WHAT THE TASK REQUIRES:
Output every entry exactly as written, but omit the pictures.

RECORD SET:
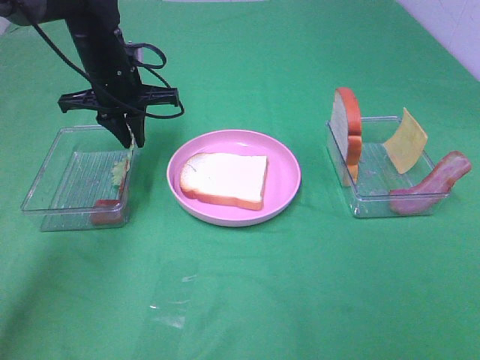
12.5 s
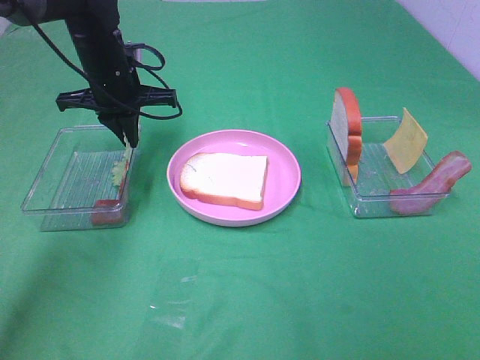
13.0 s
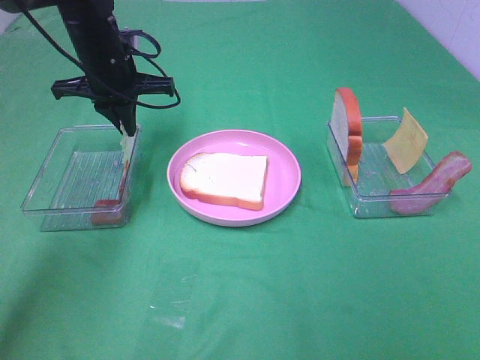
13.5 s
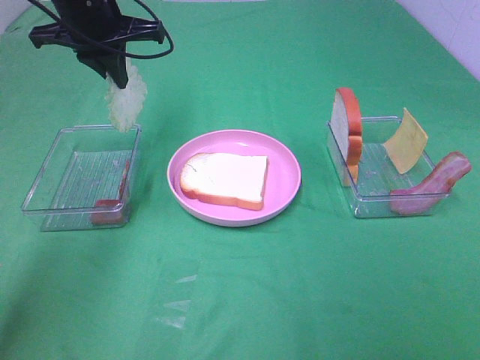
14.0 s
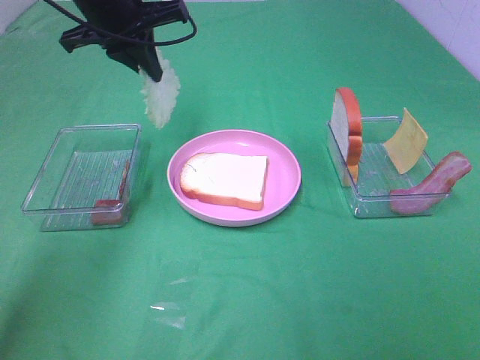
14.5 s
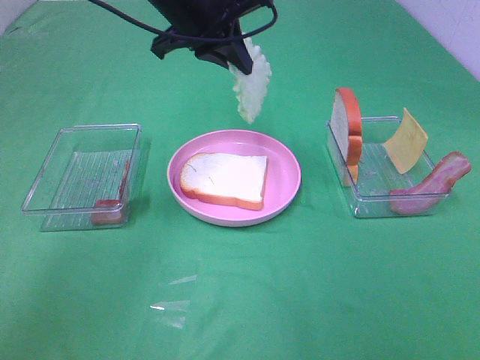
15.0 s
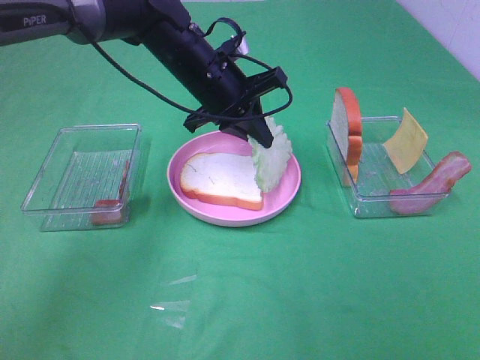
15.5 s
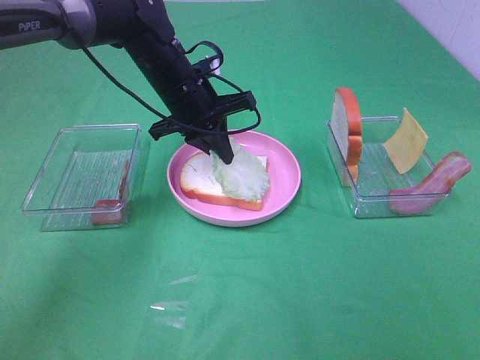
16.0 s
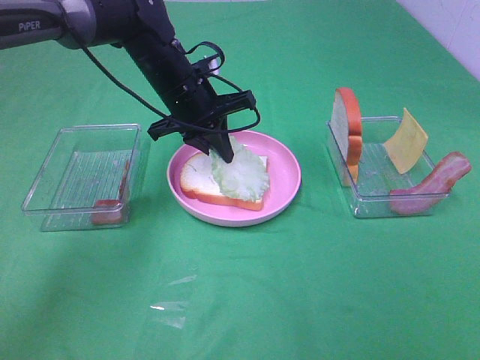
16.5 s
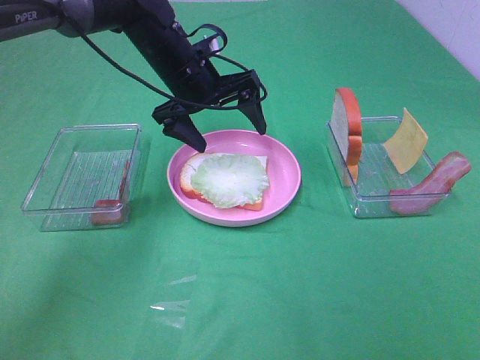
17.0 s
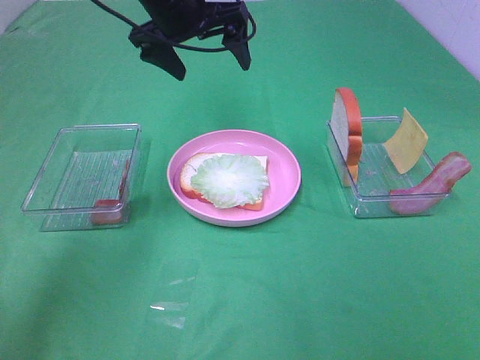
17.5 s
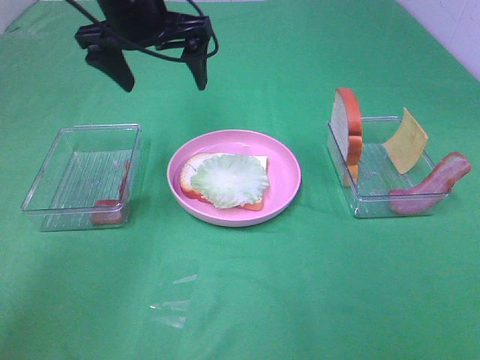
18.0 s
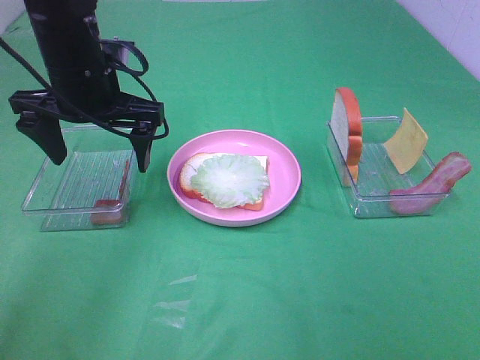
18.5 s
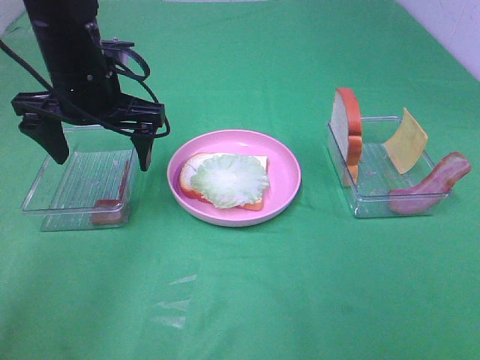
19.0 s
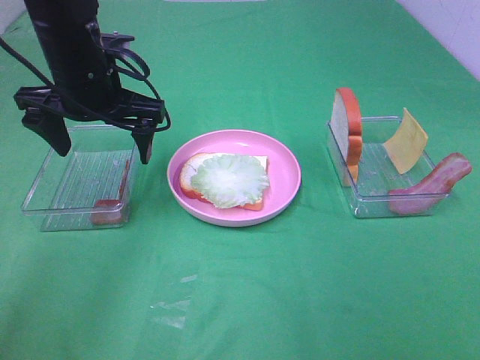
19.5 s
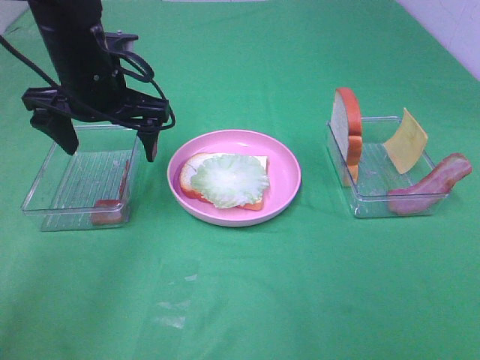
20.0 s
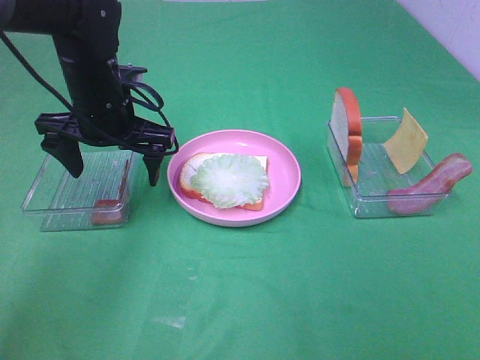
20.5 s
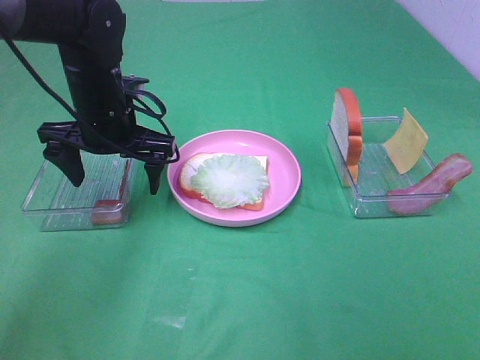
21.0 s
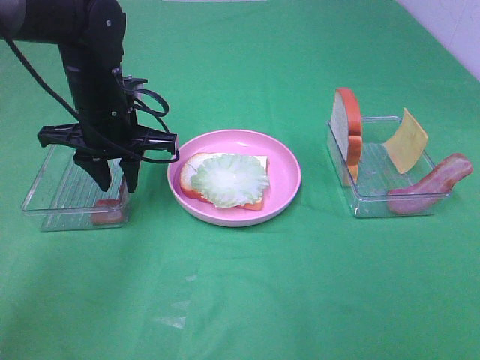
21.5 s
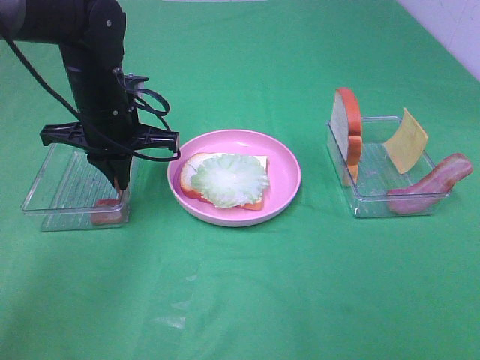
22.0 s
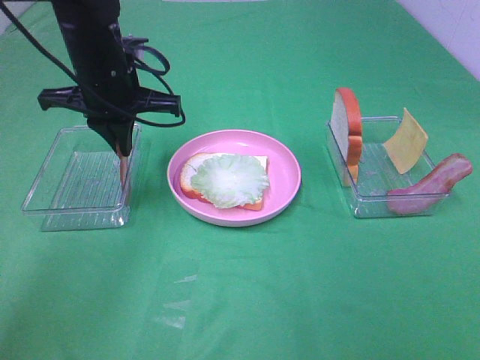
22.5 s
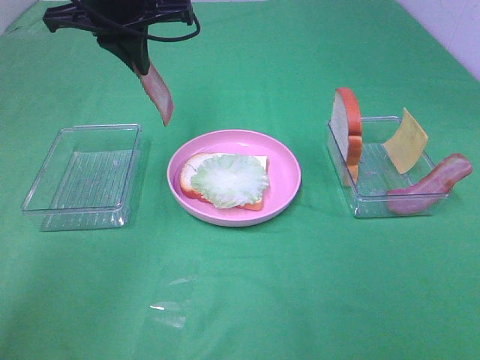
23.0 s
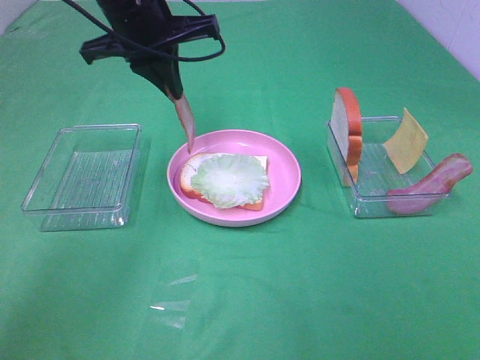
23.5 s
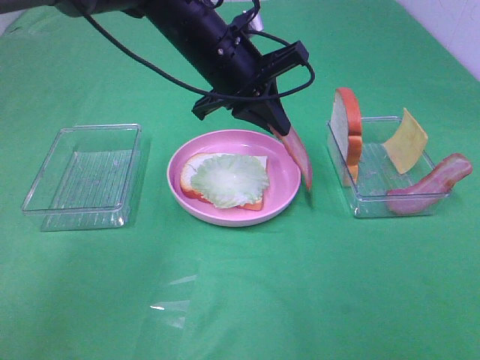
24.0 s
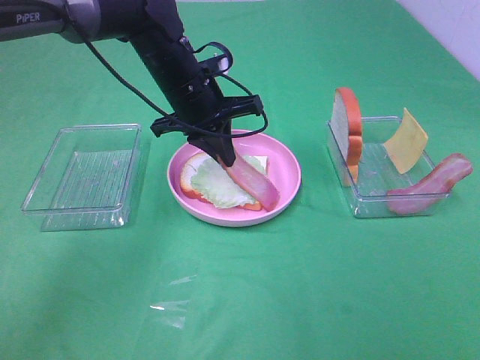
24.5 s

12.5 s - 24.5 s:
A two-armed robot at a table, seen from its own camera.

COMPLETED TASK:
12.5 s
13.0 s
13.5 s
14.0 s
14.5 s
15.0 s
15.5 s
16.0 s
16.5 s
17.0 s
17.5 s
18.0 s
18.5 s
19.0 s
19.5 s
20.0 s
20.5 s
21.0 s
21.5 s
22.0 s
22.5 s
23.0 s
23.5 s
24.0 s
24.5 s

12.5 s - 24.5 s:
A two-armed robot at a table, seen from its own camera.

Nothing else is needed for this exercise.